El Códice contiene los Cuatro Evangelios, en el orden común en occidente,
Mateo, Juan, Lucas, Marcos, a continuación unos pocos versos (11 -15),
en latín, de la tercera Epístola de S. Juan y los Hechos. Faltan
sin embargo del manuscrito del escriba original, en el griego: Mateo, i, 1-20;
[iii, 7-16]; vi, 20-ix, 2; xxvii, 2-12; John i, 16-iii, 26; [xviii, 14-xx, 13];
[Macos. xvi, 15-20]; Hechos, viii, 29-x, 14; xxi, 2-10, 16-18; xxii, 10-20; xxii,
29-xxviii, 31; en el latín: Mat., i, 1-11; [ii, 21-iii, 7]; vi,8-viii,
27; xxvi, 65-xxvii, 1; Juan, i, 1-iii, 16; [xviii, 2-xx, 1]; [Marcos, xvi, 6-20];
Hechos viii, 20-x, 4; xx, 31-xxi, 2, 7-10; xxii, 2-10; xxiii, 20- xxviii, 31.
Los pasajes entre corchetes han sido añadidos por una mano del siglo
décimo. Hay que notar que de los libros que contiene sólo el Evangelio
de S. Lucas se preserva completo. La condiciones del Libro muestra un vacío
entre los Evangelios y Los Hechos y el fragmento de III Juan indica que, como
en otro manuscrito antiguo, las Epístolas Católicas estaban colocadas
aquí. El hecho de que la Epístola de Judas no preceda inmediatamente
a los Hechos se ve como apuntando a que había sido omitida del Códice,
y puede que colocada en otra parte. No podemos decir si el manuscrito contenía
algo más del Nuevo Testamento y no hay indicaciones de que, como otros
grandes manuscritos unciales, estuviera alguna vez unido al texto del Antiguo
Testamento.

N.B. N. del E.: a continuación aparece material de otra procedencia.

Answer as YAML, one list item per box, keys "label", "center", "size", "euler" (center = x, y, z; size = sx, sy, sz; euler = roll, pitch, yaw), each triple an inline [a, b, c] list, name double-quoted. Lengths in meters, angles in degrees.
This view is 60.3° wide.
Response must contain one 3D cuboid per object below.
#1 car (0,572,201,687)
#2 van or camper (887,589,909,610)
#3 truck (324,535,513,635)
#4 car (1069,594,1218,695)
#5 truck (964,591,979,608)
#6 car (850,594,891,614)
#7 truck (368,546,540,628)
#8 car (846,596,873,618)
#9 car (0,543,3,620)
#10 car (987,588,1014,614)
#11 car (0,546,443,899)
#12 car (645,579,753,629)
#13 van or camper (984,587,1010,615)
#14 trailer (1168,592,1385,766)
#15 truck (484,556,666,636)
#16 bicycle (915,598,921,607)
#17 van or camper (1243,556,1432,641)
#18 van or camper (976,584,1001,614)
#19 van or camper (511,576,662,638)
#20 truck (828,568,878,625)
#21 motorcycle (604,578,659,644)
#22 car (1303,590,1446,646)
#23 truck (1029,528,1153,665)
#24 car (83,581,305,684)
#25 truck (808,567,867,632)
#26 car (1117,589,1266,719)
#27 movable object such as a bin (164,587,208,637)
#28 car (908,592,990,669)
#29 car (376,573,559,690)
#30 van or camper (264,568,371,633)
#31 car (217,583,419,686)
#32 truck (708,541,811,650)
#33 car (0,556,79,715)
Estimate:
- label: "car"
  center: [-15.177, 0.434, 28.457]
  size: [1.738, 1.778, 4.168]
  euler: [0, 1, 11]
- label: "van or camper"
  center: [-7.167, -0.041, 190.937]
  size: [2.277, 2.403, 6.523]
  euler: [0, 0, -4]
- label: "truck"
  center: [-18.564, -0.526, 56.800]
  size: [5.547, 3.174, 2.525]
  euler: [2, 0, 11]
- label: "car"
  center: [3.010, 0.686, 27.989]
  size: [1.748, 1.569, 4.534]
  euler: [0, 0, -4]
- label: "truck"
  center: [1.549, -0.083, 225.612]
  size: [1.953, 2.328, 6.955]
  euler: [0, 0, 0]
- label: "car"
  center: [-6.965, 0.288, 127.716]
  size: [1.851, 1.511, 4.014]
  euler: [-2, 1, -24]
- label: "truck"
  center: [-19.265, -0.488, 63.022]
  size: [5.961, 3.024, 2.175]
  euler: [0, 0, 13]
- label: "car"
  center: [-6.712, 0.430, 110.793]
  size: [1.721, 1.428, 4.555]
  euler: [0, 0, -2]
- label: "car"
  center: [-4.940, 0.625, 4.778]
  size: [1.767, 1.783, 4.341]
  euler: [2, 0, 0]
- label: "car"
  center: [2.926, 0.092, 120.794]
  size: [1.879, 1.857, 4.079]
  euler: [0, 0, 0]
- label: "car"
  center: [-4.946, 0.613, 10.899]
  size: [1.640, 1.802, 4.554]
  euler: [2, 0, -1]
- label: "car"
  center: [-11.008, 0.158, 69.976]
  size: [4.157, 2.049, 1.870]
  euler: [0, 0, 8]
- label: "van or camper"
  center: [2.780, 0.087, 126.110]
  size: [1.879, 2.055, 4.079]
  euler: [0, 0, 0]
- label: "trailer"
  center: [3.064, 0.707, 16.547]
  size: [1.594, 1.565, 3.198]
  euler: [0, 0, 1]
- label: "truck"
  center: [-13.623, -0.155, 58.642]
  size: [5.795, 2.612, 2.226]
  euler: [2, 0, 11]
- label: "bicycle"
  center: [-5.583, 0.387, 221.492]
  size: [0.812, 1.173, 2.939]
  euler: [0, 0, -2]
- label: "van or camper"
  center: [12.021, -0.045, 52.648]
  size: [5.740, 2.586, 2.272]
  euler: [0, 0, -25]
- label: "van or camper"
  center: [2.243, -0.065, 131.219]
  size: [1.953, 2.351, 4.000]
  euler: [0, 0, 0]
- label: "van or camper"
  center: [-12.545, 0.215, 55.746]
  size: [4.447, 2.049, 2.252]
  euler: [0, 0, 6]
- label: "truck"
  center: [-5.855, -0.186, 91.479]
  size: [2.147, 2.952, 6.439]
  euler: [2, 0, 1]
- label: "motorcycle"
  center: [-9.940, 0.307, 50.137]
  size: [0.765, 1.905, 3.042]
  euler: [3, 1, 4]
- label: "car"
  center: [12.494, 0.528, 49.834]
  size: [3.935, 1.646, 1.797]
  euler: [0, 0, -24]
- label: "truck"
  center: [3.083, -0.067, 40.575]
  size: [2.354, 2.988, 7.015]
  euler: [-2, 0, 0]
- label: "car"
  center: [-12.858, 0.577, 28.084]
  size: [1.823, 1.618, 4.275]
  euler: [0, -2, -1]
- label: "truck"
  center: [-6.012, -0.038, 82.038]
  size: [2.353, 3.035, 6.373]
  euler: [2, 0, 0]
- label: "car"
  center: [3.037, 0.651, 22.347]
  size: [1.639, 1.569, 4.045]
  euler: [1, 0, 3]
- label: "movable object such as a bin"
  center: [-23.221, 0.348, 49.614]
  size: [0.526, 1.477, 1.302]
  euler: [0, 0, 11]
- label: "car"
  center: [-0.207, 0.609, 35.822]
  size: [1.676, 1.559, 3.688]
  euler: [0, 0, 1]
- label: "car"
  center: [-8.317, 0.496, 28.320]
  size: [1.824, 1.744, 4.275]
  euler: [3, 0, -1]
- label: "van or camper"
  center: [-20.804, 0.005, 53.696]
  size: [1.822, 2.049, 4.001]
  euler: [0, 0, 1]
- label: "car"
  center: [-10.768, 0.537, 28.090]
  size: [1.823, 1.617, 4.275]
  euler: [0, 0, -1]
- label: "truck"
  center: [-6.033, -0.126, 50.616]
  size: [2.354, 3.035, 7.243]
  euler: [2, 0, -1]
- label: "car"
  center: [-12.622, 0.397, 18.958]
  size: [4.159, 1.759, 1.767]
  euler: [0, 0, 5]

Además de la mano del escriba original, hay correcciones
de distintas manos, algunas probablemente contemporáneas del original,
más tarde anotaciones litúrgicas y la sortes sanctorum, o fórmula
de echar suertes, todo esto importante para seguir la historia del manuscrito.
Beza escribió en una carta que acompañaba a su regalo que el manuscrito
había sido obtenido del monasterio de S. Ireneo de Lyon, durante la guerra,
en 1562. Lyon fue saqueado por los hugonotes y el manuscrito fue probablemente
parte del botín. El reformador dice que había permanecido en el
monasterio por largo tiempo, descuidado y cubierto de polvo, pero esto es rechazado
por los expertos modernos. Se afirma que de hecho este fue el códice
utilizado en el Concilio de Trento en 1546 por William Dupré ( los escritores
ingleses insisten en llamar Prato a este francés) obispo de Clermont
en Auvergne, para confirmar una lectura latina de Juan, xxi, si eum volo manere,
que se encuentra sólo en el griego de éste códice.

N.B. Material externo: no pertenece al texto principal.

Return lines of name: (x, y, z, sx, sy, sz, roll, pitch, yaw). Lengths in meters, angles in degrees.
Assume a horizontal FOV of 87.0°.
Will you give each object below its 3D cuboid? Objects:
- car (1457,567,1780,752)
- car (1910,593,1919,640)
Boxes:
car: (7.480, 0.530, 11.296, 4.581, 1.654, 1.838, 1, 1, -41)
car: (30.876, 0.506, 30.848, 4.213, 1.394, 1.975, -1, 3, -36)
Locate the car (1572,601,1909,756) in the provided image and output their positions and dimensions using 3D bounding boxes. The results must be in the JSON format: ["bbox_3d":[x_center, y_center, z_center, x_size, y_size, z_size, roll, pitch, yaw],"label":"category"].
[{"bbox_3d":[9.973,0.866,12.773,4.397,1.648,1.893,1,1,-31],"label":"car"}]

Más aún se le identifica generalmente con el Códice beta,
cuyas peculiares lecturas fueron reunidas en 1546 para la edición de
Stephen del Testamento Griego por amigos suyos, en Italia. El mismo Beza, tras
haber llamado en primer lugar a este códice Lugdunensis, lo llamó
Claromontanus, como si no viniera de Lyón sino de Clermont ( erca de
Beauvais, no Clermont de Auvergne). Todo esto, (poniendo en duda la afirmación
original de Beza) indica que el manuscrito estaba en Italia a mediados del siglo
dieciséis y tiene su relación con la localidad de la producción.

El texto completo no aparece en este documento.